Tracking queries across different components The current implementation provides addition for tracking requests across different components of Thanos. Since we are logging the queries at the StoreAPI level, and those queries are flowing from one component to another, the only way to track them would be to have a request-id, which would help in tracking the logs of an individual query between different component. Another use-case would be to have a correlation of logs based on queries, so the request-id also serves the same purpose.
Implementation
In case tracing is disabled, we can use our implementation of generating a request-id on the fly for a given request.
This is not possible due to the distributed nature of Thanos. It has a lot of moving parts, and with the current implementation of ActiveQueryLogging, it is best used as a local logger for each component.

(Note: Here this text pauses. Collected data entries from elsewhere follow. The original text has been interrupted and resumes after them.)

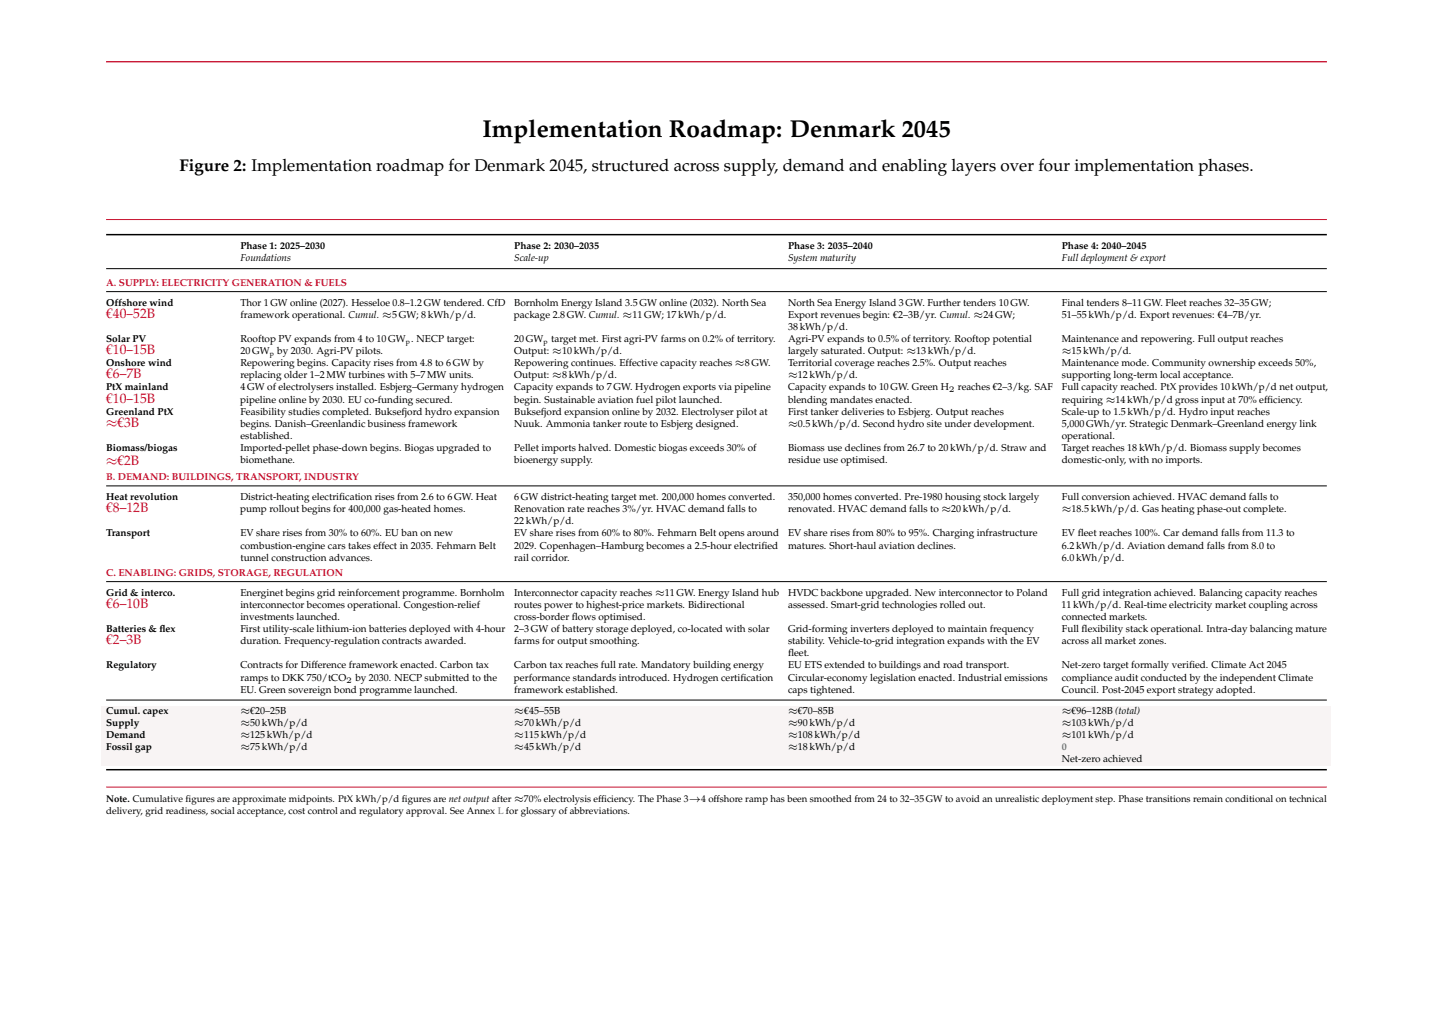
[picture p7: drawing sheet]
<svg xmlns="http://www.w3.org/2000/svg" width="297mm" height="210mm" viewBox="0 0 297 210" stroke-linecap="round" stroke-linejoin="round" font-family="sans-serif">
<defs><g id="words">
<text font-size="5.1" x="100" y="28.5">Implementation Roadmap: Denmark 2045</text>
<text font-size="3.5" x="37.2" y="35.5">Figure 2: Implementation roadmap for Denmark 2045, structured across supply, demand and enabling layers over four implementation phases.</text>
<g font-size="2.8" fill="#c8102e">
<text x="22" y="65.9">€40–52B</text>
<text x="22" y="73.4">€10–15B</text>
<text x="22" y="78.5">€6–7B</text>
<text x="22" y="83.5">€10–15B</text>
<text x="22" y="88.5">≈€3B</text>
<text x="22" y="96.4">≈€2B</text>
<text x="22" y="106.2">€8–12B</text>
<text x="22" y="126">€6–10B</text>
<text x="22" y="133.6">€2–3B</text>
</g>
<g font-size="2.1">
<text x="49.8" y="51.6">Phase 1: 2025–2030</text>
<text x="106.6" y="51.6">Phase 2: 2030–2035</text>
<text x="163.3" y="51.6">Phase 3: 2035–2040</text>
<text x="220.1" y="51.6">Phase 4: 2040–2045</text>
<text x="49.8" y="54.2">Foundations</text>
<text x="106.6" y="54.2">Scale-up</text>
<text x="163.3" y="54.2">System maturity</text>
<text x="220.1" y="54.2">Full deployment &amp; export</text>
<text x="22" y="63.4">Offshore wind</text>
<text x="49.8" y="63.4">Thor 1GW online (2027). Hesseloe 0.8–1.2GW tendered. CfD</text>
<text x="49.8" y="65.9">framework operational. Cumul. ≈5GW; 8kWh/p/d.</text>
<text x="106.5" y="65.9">package 2.8GW. Cumul. ≈11GW; 17kWh/p/d.</text>
<text x="106.6" y="63.4">Bornholm Energy Island 3.5GW online (2032). North Sea</text>
<text x="163.3" y="63.4">North Sea Energy Island 3GW. Further tenders 10GW.</text>
<text x="163.3" y="65.9">Export revenues begin: €2–3B/yr. Cumul. ≈24GW;</text>
<text x="220.1" y="63.4">Final tenders 8–11GW. Fleet reaches 32–35GW;</text>
<text x="220.1" y="65.9">51–55kWh/p/d. Export revenues: €4–7B/yr.</text>
<text x="22" y="70.9">Solar PV</text>
<text x="49.8" y="70.9">Rooftop PV expands from 4 to 10GW . NECP target:</text>
<text x="106.6" y="70.9">20GW</text>
<text x="114.2" y="70.9">target met. First agri-PV farms on 0.2% of territory.</text>
<text x="163.3" y="68.4">38kWh/p/d.</text>
<text x="163.3" y="70.9">Agri-PV expands to 0.5% of territory. Rooftop potential</text>
<text x="220.1" y="70.9">Maintenance and repowering. Full output reaches</text>
<text x="22" y="75.9">Onshore wind</text>
<text x="49.8" y="73.4">20GW</text>
<text x="49.8" y="75.9">Repowering begins. Capacity rises from 4.8 to 6GW by</text>
<text x="57.5" y="73.4">by 2030. Agri-PV pilots.</text>
<text x="106.6" y="73.4">Output: ≈10kWh/p/d.</text>
<text x="106.6" y="75.9">Repowering continues. Effective capacity reaches ≈8GW.</text>
<text x="163.3" y="73.4">largely saturated. Output: ≈13kWh/p/d.</text>
<text x="163.3" y="75.9">Territorial coverage reaches 2.5%. Output reaches</text>
<text x="220.1" y="73.4">≈15kWh/p/d.</text>
<text x="220.1" y="75.9">Maintenance mode. Community ownership exceeds 50%,</text>
<text x="22" y="80.9">PtX mainland</text>
<text x="49.8" y="83.5">pipeline online by 2030. EU co-funding secured.</text>
<text x="49.8" y="78.5">replacing older 1–2MW turbines with 5–7MW units.</text>
<text x="49.8" y="80.9">4GW of electrolysers installed. Esbjerg–Germany hydrogen</text>
<text x="106.6" y="78.5">Output: ≈8kWh/p/d.</text>
<text x="106.6" y="80.9">Capacity expands to 7GW. Hydrogen exports via pipeline</text>
<text x="106.6" y="83.5">begin. Sustainable aviation fuel pilot launched.</text>
<text x="163.3" y="78.5">≈12kWh/p/d.</text>
<text x="163.3" y="80.9">Capacity expands to 10GW. Green H</text>
<text x="163.3" y="83.5">blending mandates enacted.</text>
<text x="198.6" y="80.9">reaches €2–3/kg. SAF</text>
<text x="220.1" y="78.5">supporting long-term local acceptance.</text>
<text x="220.1" y="80.9">Full capacity reached. PtX provides 10kWh/p/d net output,</text>
<text x="220.1" y="83.5">requiring ≈14kWh/p/d gross input at 70% eff</text>
<text x="262.7" y="83.5">iciency.</text>
<text x="22" y="86">Greenland PtX</text>
<text x="49.8" y="86">Feasibility studies completed. Buksefjord hydro expansion</text>
<text x="49.8" y="88.5">begins. Danish–Greenlandic business framework</text>
<text x="106.6" y="86">Buksefjord expansion online by 2032. Electrolyser pilot at</text>
<text x="106.6" y="88.5">Nuuk. Ammonia tanker route to Esbjerg designed.</text>
<text x="163.3" y="86">First tanker deliveries to Esbjerg. Output reaches</text>
<text x="163.3" y="88.5">≈0.5kWh/p/d. Second hydro site under development.</text>
<text x="220.1" y="86">Scale-up to 1.5kWh/p/d. Hydro input reaches</text>
<text x="220.1" y="88.5">5,000GWh/yr. Strategic Denmark–Greenland energy link</text>
<text x="22" y="93.5">Biomass/biogas</text>
<text x="49.8" y="91">established.</text>
<text x="49.8" y="93.5">Imported-pellet phase-down begins. Biogas upgraded to</text>
<text x="106.6" y="93.5">Pellet imports halved. Domestic biogas exceeds 30% of</text>
<text x="163.3" y="93.5">Biomass use declines from 26.7 to 20kWh/p/d. Straw and</text>
<text x="220.1" y="91">operational.</text>
<text x="220.1" y="93.5">Target reaches 18kWh/p/d. Biomass supply becomes</text>
<text x="49.8" y="96">biomethane.</text>
<text x="106.6" y="96">bioenergy supply.</text>
<text x="163.3" y="96">residue use optimised.</text>
<text x="220.1" y="96">domestic-only, with no imports.</text>
<text x="22" y="103.6">Heat revolution</text>
<text x="49.8" y="106.2">pump rollout begins for 400,000 gas-heated homes.</text>
<text x="49.8" y="103.6">District-heating electrif</text>
<text x="70.3" y="103.6">ication rises from 2.6 to 6GW. Heat</text>
<text x="106.6" y="103.6">6GW district-heating target met. 200,000 homes converted.</text>
<text x="106.6" y="106.2">Renovation rate reaches 3%/yr. HVAC demand falls to</text>
<text x="163.3" y="103.6">350,000 homes converted. Pre-1980 housing stock largely</text>
<text x="163.3" y="106.2">renovated. HVAC demand falls to ≈20kWh/p/d.</text>
<text x="220.1" y="103.6">Full conversion achieved. HVAC demand falls to</text>
<text x="220.1" y="106.2">≈18.5kWh/p/d. Gas heating phase-out complete.</text>
<text x="22" y="111.2">Transport</text>
<text x="49.8" y="113.7">combustion-engine cars takes effect in 2035. Fehmarn Belt</text>
<text x="49.8" y="111.2">EV share rises from 30% to 60%. EU ban on new</text>
<text x="106.6" y="108.7">22kWh/p/d.</text>
<text x="106.6" y="111.2">EV share rises from 60% to 80%. Fehmarn Belt opens around</text>
<text x="106.6" y="113.7">2029. Copenhagen–Hamburg becomes a 2.5-hour electrif</text>
<text x="157.8" y="113.7">ied</text>
<text x="163.3" y="111.2">EV share rises from 80% to 95%. Charging infrastructure</text>
<text x="163.3" y="113.7">matures. Short-haul aviation declines.</text>
<text x="220.1" y="111.2">EV f</text>
<text x="220.1" y="113.7">6.2kWh/p/d. Aviation demand falls from 8.0 to</text>
<text x="223.4" y="111.2">leet reaches 100%. Car demand falls from 11.3 to</text>
<text x="49.8" y="116.2">tunnel construction advances.</text>
<text x="106.6" y="116.2">rail corridor.</text>
<text x="220.1" y="116.2">6.0kWh/p/d.</text>
<text x="22" y="123.5">Grid &amp; interco.</text>
<text x="49.8" y="123.5">Energinet begins grid reinforcement programme. Bornholm</text>
<text x="106.6" y="123.5">Interconnector capacity reaches ≈11GW. Energy Island hub</text>
<text x="163.3" y="123.5">HVDC backbone upgraded. New interconnector to Poland</text>
<text x="220.1" y="123.5">Full grid integration achieved. Balancing capacity reaches</text>
<text x="22" y="131">Batteries &amp; f</text>
<text x="33.1" y="131">lex</text>
<text x="49.8" y="126">interconnector becomes operational. Congestion-relief</text>
<text x="49.8" y="128.5">investments launched.</text>
<text x="49.8" y="131">First utility-scale lithium-ion batteries deployed with 4-hour</text>
<text x="106.6" y="126">routes power to highest-price markets. Bidirectional</text>
<text x="106.6" y="128.5">cross-border f</text>
<text x="106.6" y="131">2–3GW of battery storage deployed, co-located with solar</text>
<text x="118.5" y="128.5">lows optimised.</text>
<text x="163.3" y="131">Grid-forming inverters deployed to maintain frequency</text>
<text x="163.3" y="126">assessed. Smart-grid technologies rolled out.</text>
<text x="220" y="126">11kWh/p/d. Real-time electricity market coupling across</text>
<text x="220.1" y="128.5">connected markets.</text>
<text x="220.1" y="131">Full f</text>
<text x="224.2" y="131">lexibility stack operational. Intra-day balancing mature</text>
<text x="49.8" y="133.6">duration. Frequency-regulation contracts awarded.</text>
<text x="106.6" y="133.6">farms for output smoothing.</text>
<text x="163.3" y="133.6">stability. Vehicle-to-grid integration expands with the EV</text>
<text x="163.3" y="136.1">f</text>
<text x="163.3" y="136.1">leet.</text>
<text x="220.1" y="133.6">across all market zones.</text>
<text x="22" y="138.6">Regulatory</text>
<text x="49.8" y="141.1">ramps to DKK 750/tCO</text>
<text x="49.8" y="143.6">EU. Green sovereign bond programme launched.</text>
<text x="49.8" y="138.6">Contracts for Difference framework enacted. Carbon tax</text>
<text x="73.7" y="141.1">by 2030. NECP submitted to the</text>
<text x="106.5" y="141.1">performance standards introduced. Hydrogen certif</text>
<text x="106.6" y="138.6">Carbon tax reaches full rate. Mandatory building energy</text>
<text x="106.6" y="143.6">framework established.</text>
<text x="153.5" y="141.1">ication</text>
<text x="163.3" y="138.6">EU ETS extended to buildings and road transport.</text>
<text x="163.3" y="141.1">Circular-economy legislation enacted. Industrial emissions</text>
<text x="163.3" y="143.6">caps tightened.</text>
<text x="220.1" y="138.6">Net-zero target formally verif</text>
<text x="220.1" y="141.1">compliance audit conducted by the independent Climate</text>
<text x="220.1" y="143.6">Council. Post-2045 export strategy adopted.</text>
<text x="246.4" y="138.6">ied. Climate Act 2045</text>
<text x="22" y="148">Cumul. capex</text>
<text x="49.8" y="148">≈€20–25B</text>
<text x="106.6" y="148">≈€45–55B</text>
<text x="163.3" y="148">≈€70–85B</text>
<text x="220.1" y="148">≈€96–128B (total)</text>
<text x="22" y="150.5">Supply</text>
<text x="22" y="153">Demand</text>
<text x="22" y="155.5">Fossil gap</text>
<text x="49.8" y="150.5">≈50kWh/p/d</text>
<text x="49.8" y="153">≈125kWh/p/d</text>
<text x="49.8" y="155.5">≈75kWh/p/d</text>
<text x="106.6" y="150.5">≈70kWh/p/d</text>
<text x="106.6" y="153">≈115kWh/p/d</text>
<text x="106.6" y="155.5">≈45kWh/p/d</text>
<text x="163.3" y="150.5">≈90kWh/p/d</text>
<text x="163.3" y="153">≈108kWh/p/d</text>
<text x="163.3" y="155.5">≈18kWh/p/d</text>
<text x="220.1" y="150.5">≈103kWh/p/d</text>
<text x="220.1" y="153">≈101kWh/p/d</text>
<text x="220.1" y="158">Net-zero achieved</text>
</g>
<g font-size="2.1" fill="#c8102e">
<text x="22" y="59.3">A. SUPPLY: ELECTRICITY GENERATION &amp; FUELS</text>
<text x="22" y="99.6">B. DEMAND: BUILDINGS, TRANSPORT, INDUSTRY</text>
<text x="22" y="119.4">C. ENABLING: GRIDS, STORAGE, REGULATION</text>
</g>
<text font-size="2.1" fill="#2a9d8f" x="220.1" y="155.5">0</text>
<g font-size="2">
<text x="22" y="166.3">Note. Cumulative f</text>
<text x="38.5" y="166.3">igures are approximate midpoints. PtX kWh/p/d f</text>
<text x="83.3" y="166.3">igures are net output after ≈70% electrolysis eff</text>
<text x="124.6" y="166.3">iciency. The Phase 3→4 offshore ramp has been smoothed from 24 to 32–35GW to avoid an unrealistic deployment step. Phase transitions remain conditional on technical</text>
<text x="22" y="168.8">delivery, grid readiness, social acceptance, cost control and regulatory approval. See Annex L for glossary of abbreviations.</text>
</g>
<g font-size="1.8">
<text x="196.7" y="81.3">2</text>
<text x="71.8" y="141.5">2</text>
</g>
<g font-size="1.5">
<text x="84.1" y="71.3">p</text>
<text x="112.7" y="71.3">p</text>
<text x="55.9" y="73.8">p</text>
</g>
</g></defs>
<path d="M22 12.8h253" fill="none" stroke="#c8102e" stroke-width=".28"/>
<path d="M22 45.5h253" fill="none" stroke="#c8102e" stroke-width=".21"/>
<path d="M22 48.6h253" fill="none" stroke="#000" stroke-width=".31"/>
<path d="M22 55.7h253M22 60.5h253M22 100.7h253M22 120.6h253M22 145.1h253" fill="none" stroke="#000" stroke-width=".21"/>
<g fill="#f8f4f4">
<path d="M21.1 146.3h27.8v2.5h-27.8z"/>
<path d="M48.9 146.3h56.8v2.5h-56.8z"/>
<path d="M105.7 146.3h56.7v2.5h-56.7z"/>
<path d="M162.4 146.3h56.8v2.5h-56.8z"/>
<path d="M219.2 146.3h56.7v2.5h-56.7z"/>
<path d="M21.1 148.8h27.8v2.5h-27.8z"/>
<path d="M48.9 148.8h56.8v2.5h-56.8z"/>
<path d="M105.7 148.8h56.7v2.5h-56.7z"/>
<path d="M162.4 148.8h56.8v2.5h-56.8z"/>
<path d="M219.2 148.8h56.7v2.5h-56.7z"/>
<path d="M21.1 151.3h27.8v2.4h-27.8z"/>
<path d="M48.9 151.3h56.8v2.4h-56.8z"/>
<path d="M105.7 151.3h56.7v2.4h-56.7z"/>
<path d="M162.4 151.3h56.8v2.4h-56.8z"/>
<path d="M219.2 151.3h56.7v2.4h-56.7z"/>
<path d="M21.1 153.7h27.8v5h-27.8z"/>
<path d="M48.9 153.7h56.8v5h-56.8z"/>
<path d="M105.7 153.7h56.7v5h-56.7z"/>
<path d="M162.4 153.7h56.8v5h-56.8z"/>
<path d="M219.2 153.7h56.7v5h-56.7z"/>
</g>
<path d="M22 159.6h253" fill="none" stroke="#000" stroke-width=".31"/>
<path d="M22 163.2h253" fill="none" stroke="#c8102e" stroke-width=".21"/>
<use href="#words"/>
</svg>

The implementation of request logger makes it logical to log the request logs into a separate file. However, we should not embed the log writing logic inside Thanos, described here - https://12factor.net/logs
This proposal adds in a new feature for Thanos, so there isn’t any alternative until now that would solve our problem.
Currently, the implementation of Active Query Logging seems flaky, as it is quite difficult to achieve a consistent logging of active queries after a forced shutdown. Considering the probability of logs correctly getting logged, the cons of the logging outweighs the pros, and hence would be sensible to discuss the implementation after the initial goals are achieved.
As the name suggests, this logger logs all the current active logs that are running in a component. This type of logging is aimed at providing logs of the active queries that are running currently in an component. This logger would be local to each component, and would run as a standalone for each component in contrast to the other two loggers. This logger would help in debugging queries which led to the component instanced OOM killed, or helping in tracking queries which are taking too long. The purpose of this logger can clash with the above two, but this logger is solely focused on providing active queries that are running, much like Prometheus does.
// This would be local to each component, so each component would log all the active queries
type ActiveQueryLogging struct {
// mmapped file to store the queries.
mmappedFile []byte
// channel to generate the next available index, much like Python’s generator indexing
getNextIndex chan int
// logger, different from the usual one
logger log.Logger
}
This interface is designed with some ideas from a similar interface designed for Prometheus Query Logger[2]. Here is a rough algorithm that would implement the Query Logging in Thanos -
1) Thanos receives a query.
2) It calls the index_generator, which is a Python-style generator that will generate natural numbers from 0(or 1) indicating the byte index at which to put the information about the query in the log file. This would ensure that the key remains unique for each of the queries logged.
3) The log file would be a memory-mapped file, which would help in accessing a random position for logging the query in constant time.
This algorithm has been heavily derived from this pull request[3] and would suggest referring this for the implementation of the same.